Davidson v. State, 850 So.2d 158, 159-60 (¶ 4) (Miss.Ct.App.2003) (citations omitted).

¶ 7. First, Dawkins makes unusual allegations that a "Judge Lance"1 dismissed the capital rape case on May 5, 2000, and that the prosecution made a "motion" to defense counsel giving him "permission" to dismiss the case in August of 2000. These allegations are contradictory on their face. Had the trial judge dismissed the case on May 5, 2000, the prosecution would have no need to give "permission" to Dawkins's counsel to dismiss the case in August of 2000. Dawkins provides no evidence that either of these events occurred. There are no affidavits either of the judge in question or of the unidentified prosecutor who allegedly gave permission to dismiss the charges. Further, in the order denying post-conviction relief, the circuit court judge confirms that he reviewed "the court file in this case" and considered all matters "in light most favorable" to Dawkins. If there were anything in the record to substantiate Dawkins's claims of dismissal in May or a motion in August of 2000, the circuit court judge surely would have identified it. This Court finds no evidence presented by Dawkins that would require an evidentiary hearing on this issue.

¶ 8. Second, Dawkins contends that an FBI Report of Examination of certain deoxyribonucleic acid (DNA) samples submitted in connection with the case (attached to his petition) proves his innocence and that his counsel misunderstood the report and incorrectly advised him to plead guilty. The DNA report refutes rather than supports Dawkins's allegations of innocence. The DNA analysis could not exclude Dawkins as a potential contributor of the male DNA obtained from the victim's panties. The report stated that "the probability of selecting an unrelated individual at random from the general population who could be a potential contributor to the mixture of DNA from [the panties] was 1 in 2.4 billion from the Black population, approximately 1 in 5.3 billion from the Caucasian population, approximately 1 in 2.2 billion from the Southeastern Hispanic population, and approximately 1 in 12 billion from the Southwestern Hispanic population." The report noted that the victim and Dawkins "account for all of the results obtained from [the] specimen. . . ."2 Nonetheless, Dawkins contends that the report evidenced his innocence as vulvar and rectal swabs from the victim produced "no conclusive typing results ... for comparison to [Dawkins.]" Further, Dawkins construes the report's conclusion that "[n]o STR [short tandem repeat] typing results unlike the [victim] specimen were obtained from [the panties]" to mean that the DNA on the panties "did not match" the victim.
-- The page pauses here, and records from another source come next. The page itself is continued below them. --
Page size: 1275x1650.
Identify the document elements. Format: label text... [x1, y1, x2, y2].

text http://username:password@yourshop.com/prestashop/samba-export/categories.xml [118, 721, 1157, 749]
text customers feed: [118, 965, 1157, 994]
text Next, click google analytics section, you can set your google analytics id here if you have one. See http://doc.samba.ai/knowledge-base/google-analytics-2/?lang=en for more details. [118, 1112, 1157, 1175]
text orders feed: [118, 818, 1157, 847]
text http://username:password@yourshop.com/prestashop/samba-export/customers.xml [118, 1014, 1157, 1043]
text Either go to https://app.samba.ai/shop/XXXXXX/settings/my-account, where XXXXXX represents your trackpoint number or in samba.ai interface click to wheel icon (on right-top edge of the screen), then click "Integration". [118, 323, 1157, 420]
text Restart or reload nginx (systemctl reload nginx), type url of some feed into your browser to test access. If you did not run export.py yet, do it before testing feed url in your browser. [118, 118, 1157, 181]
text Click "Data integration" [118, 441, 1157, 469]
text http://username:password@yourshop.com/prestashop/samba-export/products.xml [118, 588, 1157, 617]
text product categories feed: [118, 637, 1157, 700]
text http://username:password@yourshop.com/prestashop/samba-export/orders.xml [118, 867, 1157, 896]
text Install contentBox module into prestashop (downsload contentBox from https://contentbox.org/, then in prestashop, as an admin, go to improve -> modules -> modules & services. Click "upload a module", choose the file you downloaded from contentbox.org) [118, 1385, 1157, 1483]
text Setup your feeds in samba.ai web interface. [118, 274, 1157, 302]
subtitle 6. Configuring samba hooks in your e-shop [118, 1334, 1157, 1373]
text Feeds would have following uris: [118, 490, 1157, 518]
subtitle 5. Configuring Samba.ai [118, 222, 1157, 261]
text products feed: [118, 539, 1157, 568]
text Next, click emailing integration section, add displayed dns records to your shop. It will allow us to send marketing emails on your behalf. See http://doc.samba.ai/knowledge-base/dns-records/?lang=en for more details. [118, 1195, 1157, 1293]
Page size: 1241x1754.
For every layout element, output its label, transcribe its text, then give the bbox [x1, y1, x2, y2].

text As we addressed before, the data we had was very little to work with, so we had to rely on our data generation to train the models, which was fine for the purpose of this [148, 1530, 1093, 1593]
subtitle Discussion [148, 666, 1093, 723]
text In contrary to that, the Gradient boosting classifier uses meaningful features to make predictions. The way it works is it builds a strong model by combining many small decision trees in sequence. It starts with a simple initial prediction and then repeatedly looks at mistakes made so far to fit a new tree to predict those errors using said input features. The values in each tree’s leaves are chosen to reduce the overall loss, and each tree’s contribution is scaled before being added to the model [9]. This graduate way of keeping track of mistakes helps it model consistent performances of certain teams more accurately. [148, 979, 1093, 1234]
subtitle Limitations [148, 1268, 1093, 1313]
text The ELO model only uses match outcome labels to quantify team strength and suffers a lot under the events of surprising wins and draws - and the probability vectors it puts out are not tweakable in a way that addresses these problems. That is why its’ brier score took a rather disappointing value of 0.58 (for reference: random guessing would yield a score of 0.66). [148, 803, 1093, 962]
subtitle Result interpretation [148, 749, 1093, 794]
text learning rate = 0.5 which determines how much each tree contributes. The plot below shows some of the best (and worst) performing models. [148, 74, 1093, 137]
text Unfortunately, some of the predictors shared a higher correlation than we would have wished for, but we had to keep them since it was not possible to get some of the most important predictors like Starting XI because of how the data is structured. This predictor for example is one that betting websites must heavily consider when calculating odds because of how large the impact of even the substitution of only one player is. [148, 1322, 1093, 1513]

¶ 9. On its face, the report condemns rather than exonerates Dawkins. While some of the arguments Dawkins raises on appeal might have been addressed on cross-examination of the DNA examiner,3 the report itself does not, on its face, raise any question concerning Dawkins's guilt. Dawkins has failed to demonstrate the actual existence of evidence which would indicate his entitlement to relief. Accordingly we find that the circuit court judge did not err in denying Dawkins an evidentiary hearing.

¶ 10. As no evidentiary hearing was required, there...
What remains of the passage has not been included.